5 Butler (ed) Equity and Trusts in New Zealand (2nd ed, Thomson Reuters, Wellington) at [29.1.2].
[182] In the context of assessing unconscionability, it is necessary to firstly examine what detriment Edubase suffered. I accept the evidence of Mr Jordan that Edubase was essentially no better or worse off financially by participating in the Scheme than it would have been had it elected not to do so. Its additional expenditure beyond business as normal was nominal.
[183] Regard must also be had to the fact that the setting of the remuneration terms for the service was part of a suite of Government initiatives including the non-claw back of the sums already paid to meet normal overheads, and the exclusion of sums received pursuant to the Scheme from the calculation of eligibility for the COVID Wage Subsidy Support payments.
[184] These two factors resulted in Edubase having by far the best monthly financial performance in April 2020 that it had had for several years. In that context, there is no discernible unconscionability.
[185] In relation to Edubase’s claim that what it had actually lost was the opportunity to utilise its staff to do other tasks during the lockdown period when they were not able to deliver ECE services, there was no attempt by Edubase to put a financial value on those tasks. It also seems that very few of them were ever actually undertaken when Edubase did have an opportunity to do so.

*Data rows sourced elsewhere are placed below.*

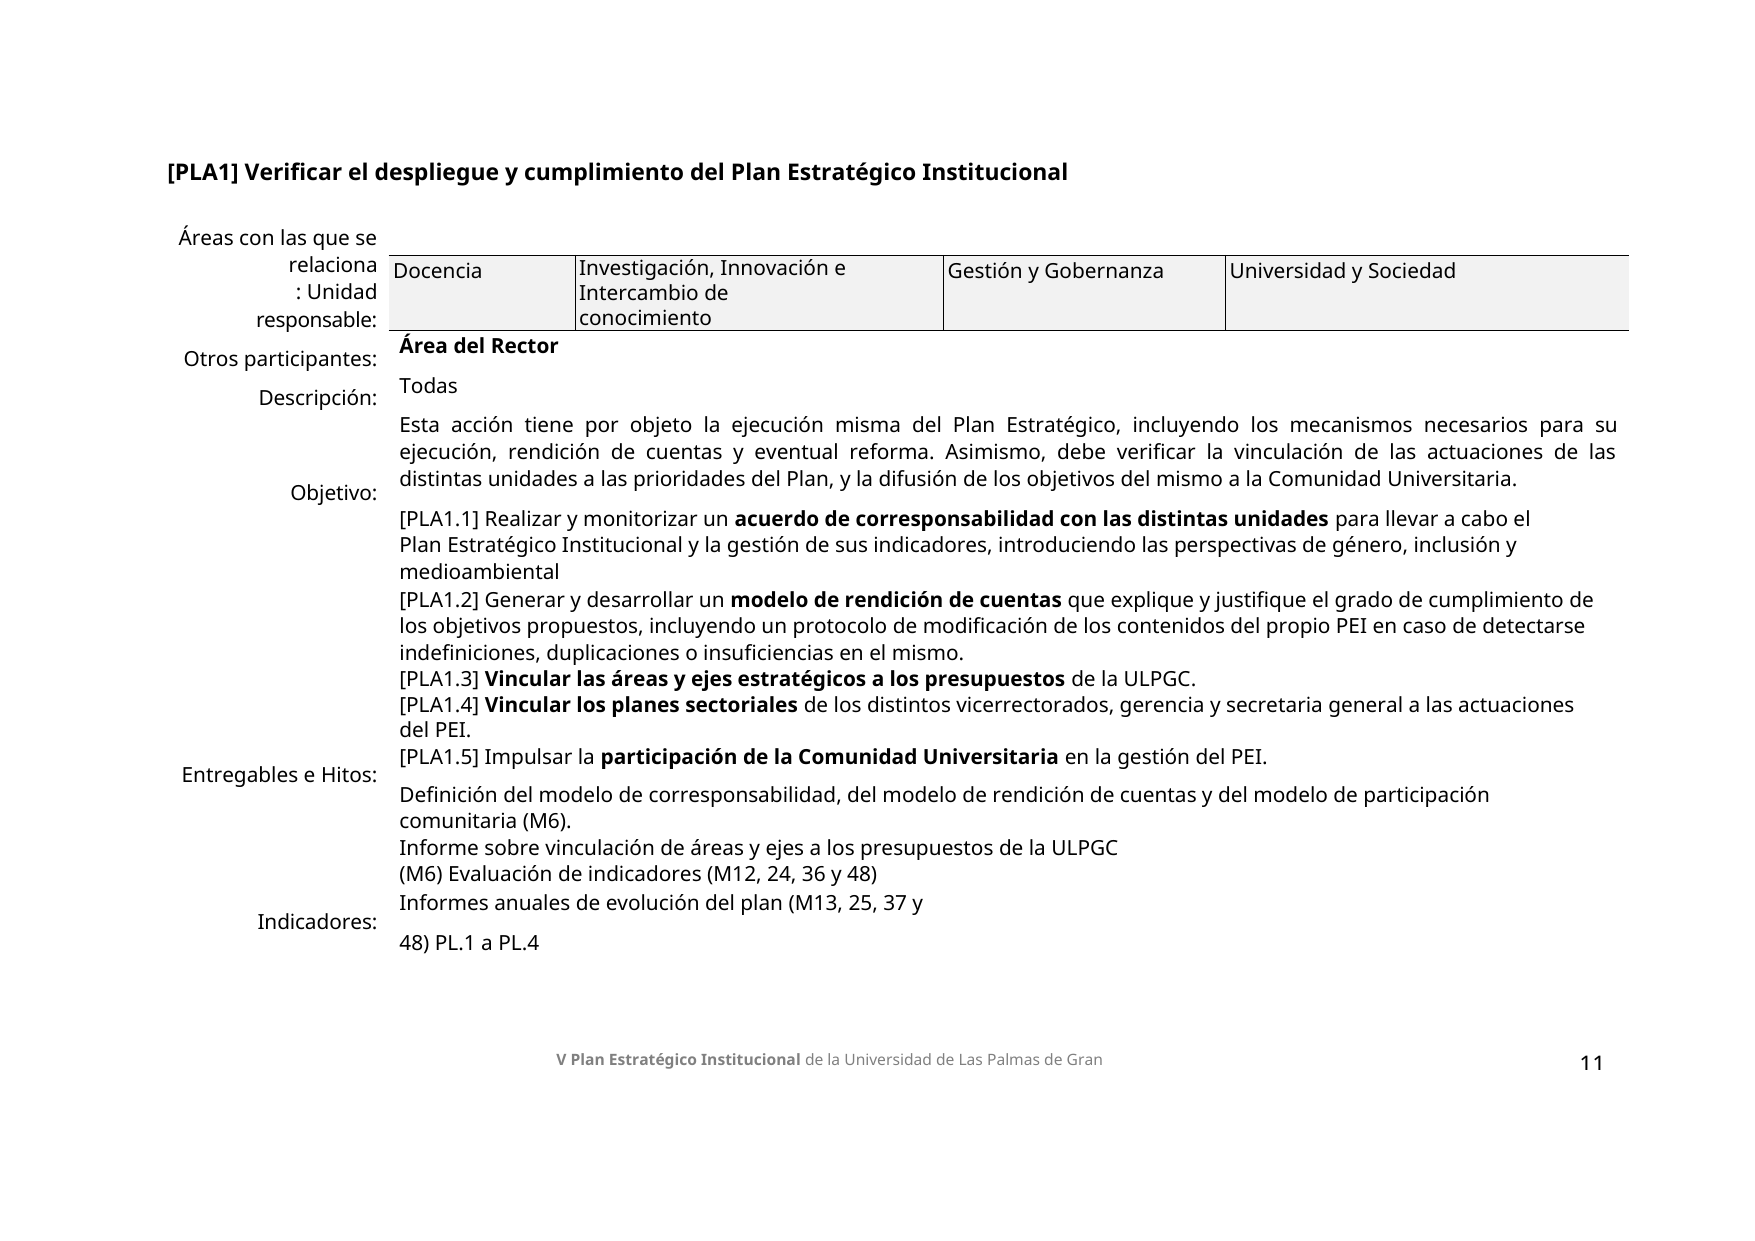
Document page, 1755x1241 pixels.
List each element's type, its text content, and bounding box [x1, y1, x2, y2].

table_header Investigación, Innovación e Intercambio de conocimiento [576, 256, 943, 330]
text [PLA1.4] Vincular los planes sectoriales de los distintos vicerrectorados, gerencia y secretaria general a las actuaciones del PEI. [399, 691, 1609, 744]
text Áreas con las que se [137, 225, 377, 250]
text [PLA1.2] Generar y desarrollar un modelo de rendición de cuentas que explique y justifique el grado de cumplimiento de los objetivos propuestos, incluyendo un protocolo de modificación de los contenidos del propio PEI en caso de detectarse indefiniciones, duplicaciones o insuficiencias en el mismo. [399, 586, 1605, 667]
text [PLA1.1] Realizar y monitorizar un acuerdo de corresponsabilidad con las distintas unidades para llevar a cabo el Plan Estratégico Institucional y la gestión de sus indicadores, introduciendo las perspectivas de género, inclusión y medioambiental [399, 504, 1566, 586]
text Entregables e Hitos: [137, 760, 377, 789]
text Informes anuales de evolución del plan (M13, 25, 37 y 48) PL.1 a PL.4 [399, 888, 951, 956]
text relaciona: Unidad responsable: [185, 250, 377, 333]
text Informe sobre vinculación de áreas y ejes a los presupuestos de la ULPGC (M6) Evaluación de indicadores (M12, 24, 36 y 48) [399, 835, 1161, 888]
subtitle Área del Rector [399, 331, 1639, 359]
text Objetivo: [137, 478, 377, 506]
text [PLA1.3] Vincular las áreas y ejes estratégicos a los presupuestos de la ULPGC. [399, 667, 1639, 691]
table_header Universidad y Sociedad [1226, 256, 1629, 330]
text Definición del modelo de corresponsabilidad, del modelo de rendición de cuentas y del modelo de participación comunitaria (M6). [399, 782, 1605, 834]
text Otros participantes: [137, 344, 377, 373]
text Todas [399, 371, 1639, 399]
text [PLA1.5] Impulsar la participación de la Comunidad Universitaria en la gestión del PEI. [399, 744, 1639, 769]
table_header Gestión y Gobernanza [944, 256, 1225, 330]
table_header Docencia [389, 256, 575, 330]
text Esta acción tiene por objeto la ejecución misma del Plan Estratégico, incluyendo los mecanismos necesarios para su ejecución, rendición de cuentas y eventual reforma. Asimismo, debe verificar la vinculación de las actuaciones de las distintas unidades a las prioridades del Plan, y la difusión de los objetivos del mismo a la Comunidad Universitaria. [399, 411, 1618, 492]
subtitle [PLA1] Verificar el despliegue y cumplimiento del Plan Estratégico Institucional [167, 156, 1639, 188]
text Descripción: [137, 383, 377, 412]
text Indicadores: [137, 907, 377, 935]
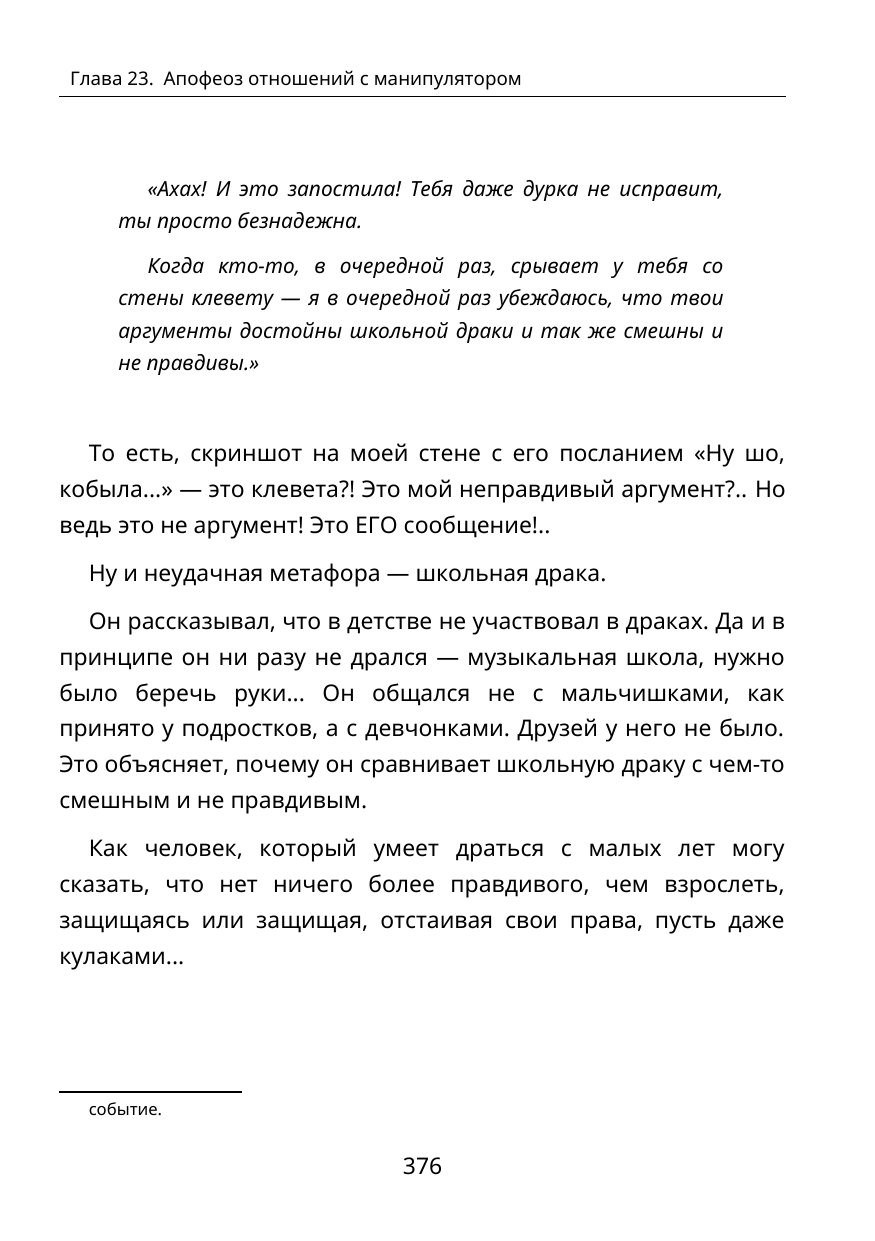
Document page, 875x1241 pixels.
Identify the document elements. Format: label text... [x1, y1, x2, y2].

text Ну и неудачная метафора — школьная драка. [59, 557, 786, 588]
text событие. [59, 1098, 786, 1120]
text Как человек, который умеет драться с малых лет могу сказать, что нет ничего более правдивого, чем взрослеть, защищаясь или защищая, отстаивая свои права, пусть даже кулаками... [59, 832, 786, 971]
text «Ахах! И это запостила! Тебя даже дурка не исправит, ты просто безнадежна. [118, 174, 727, 235]
text Когда кто-то, в очередной раз, срывает у тебя со стены клевету — я в очередной раз убеждаюсь, что твои аргументы достойны школьной драки и так же смешны и не правдивы.» [118, 251, 727, 377]
text То есть, скриншот на моей стене с его посланием «Ну шо, кобыла...» — это клевета?! Это мой неправдивый аргумент?.. Но ведь это не аргумент! Это ЕГО сообщение!.. [59, 437, 786, 540]
text Он рассказывал, что в детстве не участвовал в драках. Да и в принципе он ни разу не дрался — музыкальная школа, нужно было беречь руки... Он общался не с мальчишками, как принято у подростков, а с девчонками. Друзей у него не было. Это объясняет, почему он сравнивает школьную драку с чем-то смешным и не правдивым. [59, 604, 786, 816]
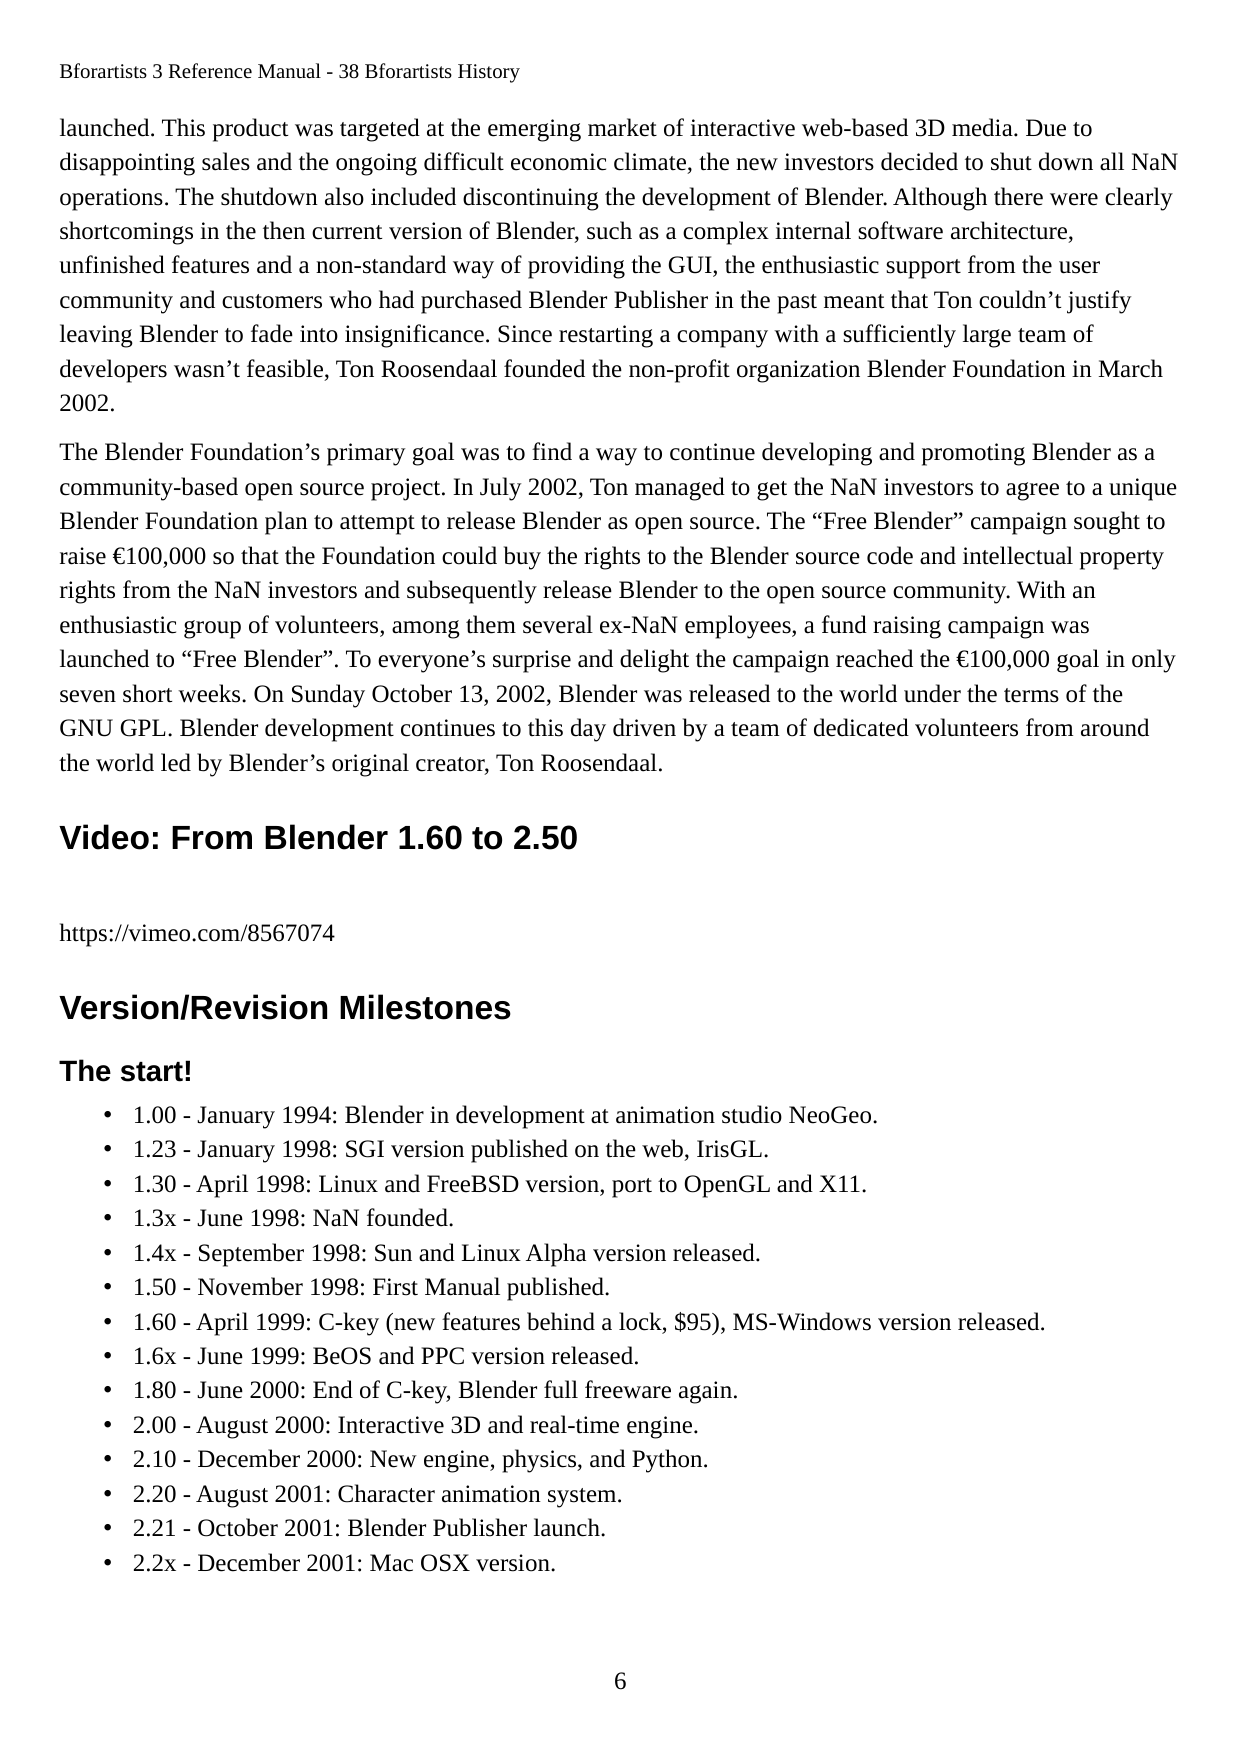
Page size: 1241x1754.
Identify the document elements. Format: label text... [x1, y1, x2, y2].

list 1.3x - June 1998: NaN founded. [103, 1203, 1181, 1232]
list 1.50 - November 1998: First Manual published. [103, 1272, 1181, 1301]
list 1.80 - June 2000: End of C-key, Blender full freeware again. [103, 1376, 1181, 1404]
list 1.00 - January 1994: Blender in development at animation studio NeoGeo. [103, 1100, 1181, 1128]
subtitle Video: From Blender 1.60 to 2.50 [59, 818, 1181, 856]
subtitle The start! [59, 1053, 1181, 1087]
text launched. This product was targeted at the emerging market of interactive web-based 3D media. Due to disappointing sales and the ongoing difficult economic climate, the new investors decided to shut down all NaN operations. The shutdown also included discontinuing the development of Blender. Although there were clearly shortcomings in the then current version of Blender, such as a complex internal software architecture, unfinished features and a non-standard way of providing the GUI, the enthusiastic support from the user community and customers who had purchased Blender Publisher in the past meant that Ton couldn’t justify leaving Blender to fade into insignificance. Since restarting a company with a sufficiently large team of developers wasn’t feasible, Ton Roosendaal founded the non-profit organization Blender Foundation in March 2002. [59, 113, 1181, 417]
list 2.2x - December 2001: Mac OSX version. [103, 1548, 1181, 1577]
list 2.20 - August 2001: Character animation system. [103, 1479, 1181, 1508]
list 2.10 - December 2000: New engine, physics, and Python. [103, 1444, 1181, 1473]
list 2.21 - October 2001: Blender Publisher launch. [103, 1513, 1181, 1542]
list 1.30 - April 1998: Linux and FreeBSD version, port to OpenGL and X11. [103, 1169, 1181, 1197]
text The Blender Foundation’s primary goal was to find a way to continue developing and promoting Blender as a community-based open source project. In July 2002, Ton managed to get the NaN investors to agree to a unique Blender Foundation plan to attempt to release Blender as open source. The “Free Blender” campaign sought to raise €100,000 so that the Foundation could buy the rights to the Blender source code and intellectual property rights from the NaN investors and subsequently release Blender to the open source community. With an enthusiastic group of volunteers, among them several ex-NaN employees, a fund raising campaign was launched to “Free Blender”. To everyone’s surprise and delight the campaign reached the €100,000 goal in only seven short weeks. On Sunday October 13, 2002, Blender was released to the world under the terms of the GNU GPL. Blender development continues to this day driven by a team of dedicated volunteers from around the world led by Blender’s original creator, Ton Roosendaal. [59, 437, 1181, 777]
subtitle Version/Revision Milestones [59, 988, 1181, 1026]
list 1.60 - April 1999: C-key (new features behind a lock, $95), MS-Windows version released. [103, 1307, 1181, 1335]
list 1.4x - September 1998: Sun and Linux Alpha version released. [103, 1238, 1181, 1266]
list 2.00 - August 2000: Interactive 3D and real-time engine. [103, 1410, 1181, 1439]
list 1.23 - January 1998: SGI version published on the web, IrisGL. [103, 1134, 1181, 1163]
list 1.6x - June 1999: BeOS and PPC version released. [103, 1341, 1181, 1370]
text https://vimeo.com/8567074 [59, 918, 1181, 947]

[186] In circumstances where, as a direct result of the suite of measures implemented by the Government, Edubase had, in April, its best financial result for the period at least two years before and the year following, it is untenable to claim that an unconscionable result was produced.
[187] The Ministry has raised a defence of affirmation. Factual findings therefore need to be made on the relevant conduct. Here, the exchange between Mr Meehan and Mr Best on 1 April 2020 is relevant. By this point, Mr Best knew that the actual terms of the proposal were different to what he had thought they were going to be. He knew that he had the opportunity, at this point, of pulling out. He articulated the possibility of doing so and received the response from Mr Meehan that if that occurred, Mr Meehan would have to find another provider. Mr Best says that he had no option
but to continue. He points to the fact that he had already signed contracts with the educators and that the Ministry had already told the public that Edubase were to be one of the providers.
[188] The contracts that Edubase had signed with the educators did not compel Edubase to continue. All but one of the educators were happy to enter into contracts consistent with the finalised terms and, in respect of the one who did not wish to do so, Edubase falsified the hours they claimed from the Ministry for their work so that Edubase was no worse off. In respect of the public announcement that Edubase was to be one of providers under the Scheme, Mr Best acknowledged that Edubase sought to take advantage of the goodwill and reputational enhancement that could be obtained from this.
[189] Edubase engaged a PR firm, The Shine Collective, to help maximise the marketing value of their involvement in the Scheme and Stacey Dunn, the Business Development Manager, undertook an interview with the New Zealand Herald for a similar purpose.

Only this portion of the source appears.